Элиза не считала себя какой-то особенной, не считала себя умной. Она прекрасно знала, что ничем не выделяется, потому что ей твердили об этом с раннего детства. Если ее бессмертная душа принадлежала Иисусу, то бренная плоть могла достаться любому, кто был готов накормить ее, одеть и дать кров. Так уж устроен мир. Но сейчас, под барабанную дробь ледяных капель, когда накопившаяся усталость навалилась на нее, словно дверь, ведущая в пустоту, она прижала к себе ребенка и с удивлением ощутила ранее неизвестное ей чувство. Оно напоминало гнев и отдавало такой же дерзостью, но все же это был не он. Никогда еще в жизни она не держала на руках существа настолько беспомощного и настолько неготового к жизни в этом мире. Элиза зарыдала, грустя о себе и о ребенке, сожалея о том, чего уже не могла исправить, а потом, выплакавшись, просто села, держа младенца на руках, и стала смотреть на дождь.

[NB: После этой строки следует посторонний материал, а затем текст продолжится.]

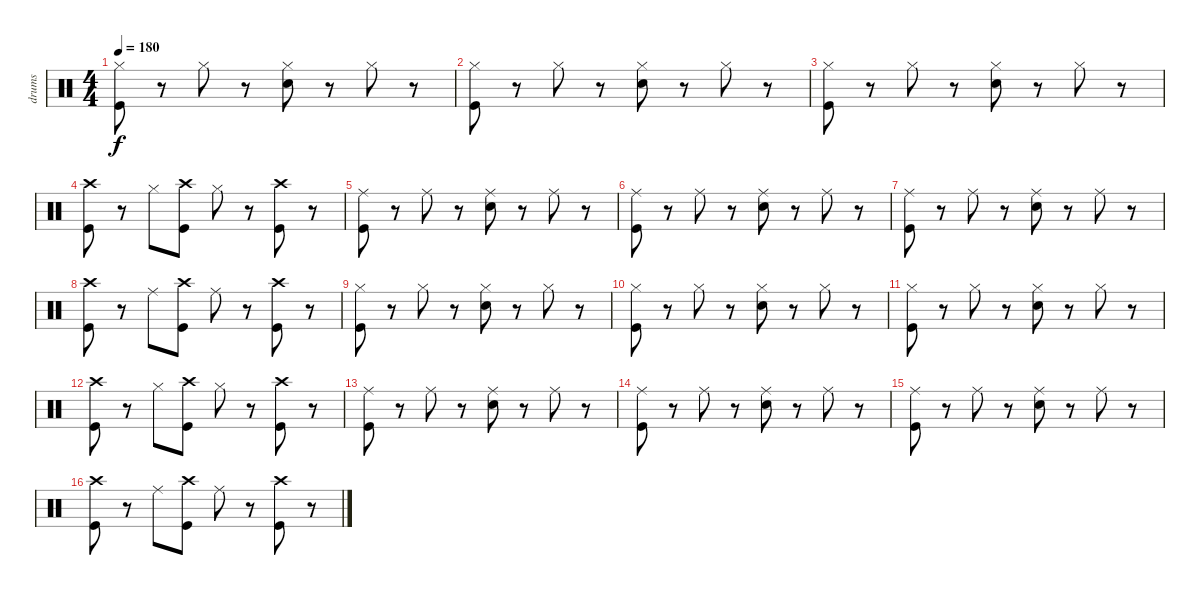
\track ("drums" "drums") {instrument percussion}
\staff {score}
\articulation defaults
\ts (4 4)
\tempo 180
\clef neutral
\ks c
("Hi-Hat (closed)" "Kick (hit)").8{dy f} r.8 "Hi-Hat (closed)".8 r.8 ("Hi-Hat (closed)" "Electric Snare (hit)").8 r.8 "Hi-Hat (closed)".8 r.8 |
("Hi-Hat (closed)" "Kick (hit)").8 r.8 "Hi-Hat (closed)".8 r.8 ("Hi-Hat (closed)" "Electric Snare (hit)").8 r.8 "Hi-Hat (closed)".8 r.8 |
("Hi-Hat (closed)" "Kick (hit)").8 r.8 "Hi-Hat (closed)".8 r.8 ("Hi-Hat (closed)" "Electric Snare (hit)").8 r.8 "Hi-Hat (closed)".8 r.8 |
("Crash high (hit)" "Kick (hit)").8 r.8 "Hi-Hat (closed)".8 ("Crash high (hit)" "Kick (hit)").8 "Hi-Hat (closed)".8 r.8 ("Crash high (hit)" "Kick (hit)").8 r.8 |
("Ride (middle)" "Kick (hit)").8 r.8 "Ride (middle)".8 r.8 ("Ride (middle)" "Electric Snare (hit)").8 r.8 "Ride (middle)".8 r.8 |
("Ride (middle)" "Kick (hit)").8 r.8 "Ride (middle)".8 r.8 ("Ride (middle)" "Electric Snare (hit)").8 r.8 "Ride (middle)".8 r.8 |
("Ride (middle)" "Kick (hit)").8 r.8 "Ride (middle)".8 r.8 ("Ride (middle)" "Electric Snare (hit)").8 r.8 "Ride (middle)".8 r.8 |
("Crash high (hit)" "Kick (hit)").8 r.8 "Ride (middle)".8 ("Crash high (hit)" "Kick (hit)").8 "Ride (middle)".8 r.8 ("Crash high (hit)" "Kick (hit)").8 r.8 |
("Hi-Hat (closed)" "Kick (hit)").8 r.8 "Hi-Hat (closed)".8 r.8 ("Hi-Hat (closed)" "Electric Snare (hit)").8 r.8 "Hi-Hat (closed)".8 r.8 |
("Hi-Hat (closed)" "Kick (hit)").8 r.8 "Hi-Hat (closed)".8 r.8 ("Hi-Hat (closed)" "Electric Snare (hit)").8 r.8 "Hi-Hat (closed)".8 r.8 |
("Hi-Hat (closed)" "Kick (hit)").8 r.8 "Hi-Hat (closed)".8 r.8 ("Hi-Hat (closed)" "Electric Snare (hit)").8 r.8 "Hi-Hat (closed)".8 r.8 |
("Crash high (hit)" "Kick (hit)").8 r.8 "Hi-Hat (closed)".8 ("Crash high (hit)" "Kick (hit)").8 "Hi-Hat (closed)".8 r.8 ("Crash high (hit)" "Kick (hit)").8 r.8 |
("Ride (middle)" "Kick (hit)").8 r.8 "Ride (middle)".8 r.8 ("Ride (middle)" "Electric Snare (hit)").8 r.8 "Ride (middle)".8 r.8 |
("Ride (middle)" "Kick (hit)").8 r.8 "Ride (middle)".8 r.8 ("Ride (middle)" "Electric Snare (hit)").8 r.8 "Ride (middle)".8 r.8 |
("Ride (middle)" "Kick (hit)").8 r.8 "Ride (middle)".8 r.8 ("Ride (middle)" "Electric Snare (hit)").8 r.8 "Ride (middle)".8 r.8 |
("Crash high (hit)" "Kick (hit)").8 r.8 "Ride (middle)".8 ("Crash high (hit)" "Kick (hit)").8 "Ride (middle)".8 r.8 ("Crash high (hit)" "Kick (hit)").8 r.8
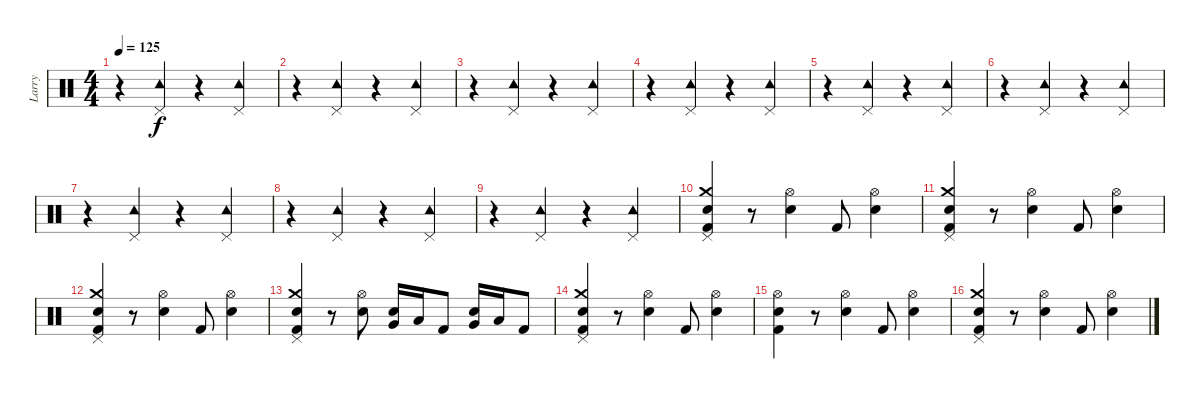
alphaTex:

\track ("Larry" "Larry") {instrument percussion}
\staff {score}
\articulation defaults
\ts (4 4)
\tempo 125
\clef neutral
\ks c
r.4{dy f} ("Pedal Hi-Hat (hit)" "Tambourine (hit)").4 r.4 ("Pedal Hi-Hat (hit)" "Tambourine (hit)").4 |
r.4 ("Pedal Hi-Hat (hit)" "Tambourine (hit)").4 r.4 ("Pedal Hi-Hat (hit)" "Tambourine (hit)").4 |
r.4 ("Pedal Hi-Hat (hit)" "Tambourine (hit)").4 r.4 ("Pedal Hi-Hat (hit)" "Tambourine (hit)").4 |
r.4 ("Pedal Hi-Hat (hit)" "Tambourine (hit)").4 r.4 ("Pedal Hi-Hat (hit)" "Tambourine (hit)").4 |
r.4 ("Pedal Hi-Hat (hit)" "Tambourine (hit)").4 r.4 ("Pedal Hi-Hat (hit)" "Tambourine (hit)").4 |
r.4 ("Pedal Hi-Hat (hit)" "Tambourine (hit)").4 r.4 ("Pedal Hi-Hat (hit)" "Tambourine (hit)").4 |
r.4 ("Pedal Hi-Hat (hit)" "Tambourine (hit)").4 r.4 ("Pedal Hi-Hat (hit)" "Tambourine (hit)").4 |
r.4 ("Pedal Hi-Hat (hit)" "Tambourine (hit)").4 r.4 ("Pedal Hi-Hat (hit)" "Tambourine (hit)").4 |
r.4 ("Pedal Hi-Hat (hit)" "Tambourine (hit)").4 r.4 ("Pedal Hi-Hat (hit)" "Tambourine (hit)").4 |
("Crash medium (hit)" "Electric Snare (hit)" "Kick (hit) 2" "Pedal Hi-Hat (hit)").4 r.8 ("Hi-Hat (open)" "Electric Snare (hit)").4 "Kick (hit) 2".8 ("Hi-Hat (open)" "Electric Snare (hit)").4 |
("Crash medium (hit)" "Electric Snare (hit)" "Kick (hit) 2" "Pedal Hi-Hat (hit)").4 r.8 ("Hi-Hat (open)" "Electric Snare (hit)").4 "Kick (hit) 2".8 ("Hi-Hat (open)" "Electric Snare (hit)").4 |
("Crash medium (hit)" "Electric Snare (hit)" "Kick (hit) 2" "Pedal Hi-Hat (hit)").4 r.8 ("Hi-Hat (open)" "Electric Snare (hit)").4 "Kick (hit) 2".8 ("Hi-Hat (open)" "Electric Snare (hit)").4 |
("Crash medium (hit)" "Electric Snare (hit)" "Kick (hit) 2" "Pedal Hi-Hat (hit)").4 r.8 ("Hi-Hat (open)" "Electric Snare (hit)").8 ("Very Low Tom (hit)" "Electric Snare (hit)").16 "Low Tom (hit)".16 "Kick (hit) 2".8 ("Very Low Tom (hit)" "Electric Snare (hit)").16 "Low Tom (hit)".16 "Kick (hit) 2".8 |
("Crash medium (hit)" "Electric Snare (hit)" "Kick (hit) 2" "Pedal Hi-Hat (hit)").4 r.8 ("Hi-Hat (open)" "Electric Snare (hit)").4 "Kick (hit) 2".8 ("Hi-Hat (open)" "Electric Snare (hit)").4 |
("Hi-Hat (open)" "Electric Snare (hit)" "Kick (hit) 2").4 r.8 ("Hi-Hat (open)" "Electric Snare (hit)").4 "Kick (hit) 2".8 ("Hi-Hat (open)" "Electric Snare (hit)").4 |
("Crash medium (hit)" "Electric Snare (hit)" "Kick (hit) 2" "Pedal Hi-Hat (hit)").4 r.8 ("Hi-Hat (open)" "Electric Snare (hit)").4 "Kick (hit) 2".8 ("Hi-Hat (open)" "Electric Snare (hit)").4

Элиза Маккензи Грей. Таково было ее полное имя, которое она шепотом повторяла малышу, словно открывая ему некую тайну, но не решаясь добавить:
Но ей встретился другой – ее новый работодатель, отпрыск семейства сахарного промышленника, носивший тонкий жилет с карманными часами и ухоженные усики, который однажды позвал Элизу в свой кабинет и спросил, как ее зовут, хотя к тому времени она работала в его доме уже два года. Как-то раз он тихонько постучал в дверь ее комнаты, беззвучно вошел, держа в руке свечу, и закрыл дверь за собой, прежде чем она успела встать с кровати и спросить, в чем дело. Теперь он лежал мертвый за много миль, на полу ее комнаты в луже черной крови.
Убитый ее собственной рукой.
Небо на востоке начало светлеть. Когда ребенок захныкал от голода, Элиза вынула из кармана единственную оставшуюся у нее корочку хлеба, тщательно прожевала ее и вложила ему в рот. Тот принялся голодно посасывать кашицу, раскрыв глаза и не сводя взгляда с девушки. Кожа его была такой бледной, что под ней проступали уходящие вглубь тельца голубые вены. Элиза подползла к мертвой матери малыша и вытащила из складок ее юбки небольшую пачку фунтовых банкнот и маленький кошелек с монетами. Аккуратно развязав плащ женщины и вынув из рукавов ее руки, она откатила тело в сторону. На шее у покойницы висел кожаный шнурок с двумя тяжелыми ключами. От них все равно не было никакой пользы, так что Элиза даже не попыталась их отвязать. Лиловые юбки покойницы оказались для нее слишком длинными, и, бормоча заупокойную молитву, девушка закатывала их, подтыкая у пояса. Мать младенца, в отличие от Элизы, была довольно полной, даже пухловатой, с темными волосами; на ее груди и ребрах виднелись странные шрамы в виде неровных бороздок и пузырчатые следы – не как от ожогов или оспы, а такие, будто плоть ее расплавилась и так и застыла. Элиза даже думать не хотела о том, что могло бы нанести такие раны.
Новая одежда оказалась мягче ее собственной, нежнее и тоньше. На рассвете, когда паровоз затормозил на небольшом переезде, Элиза с ребенком на руках выскочила из вагона и пошла по рельсам к первой попавшейся платформе. Они оказались в деревушке Марлоу, а так как это имя было не хуже и не лучше других, Элиза решила так и назвать мальчика – Марлоу. Остановившись в единственной гостинице у старого трактира, она заплатила за комнату и улеглась на чистые простыни, даже не сняв ботинки. Ребенок прижался к ее теплой мягкой груди, и вместе они заснули.
Утром она купила билет третьего класса на поезд до Кембриджа, откуда они с малышом доехали до вокзала Кингс-Кросс, располагавшегося в мрачном, окутанном дымкой Лондоне.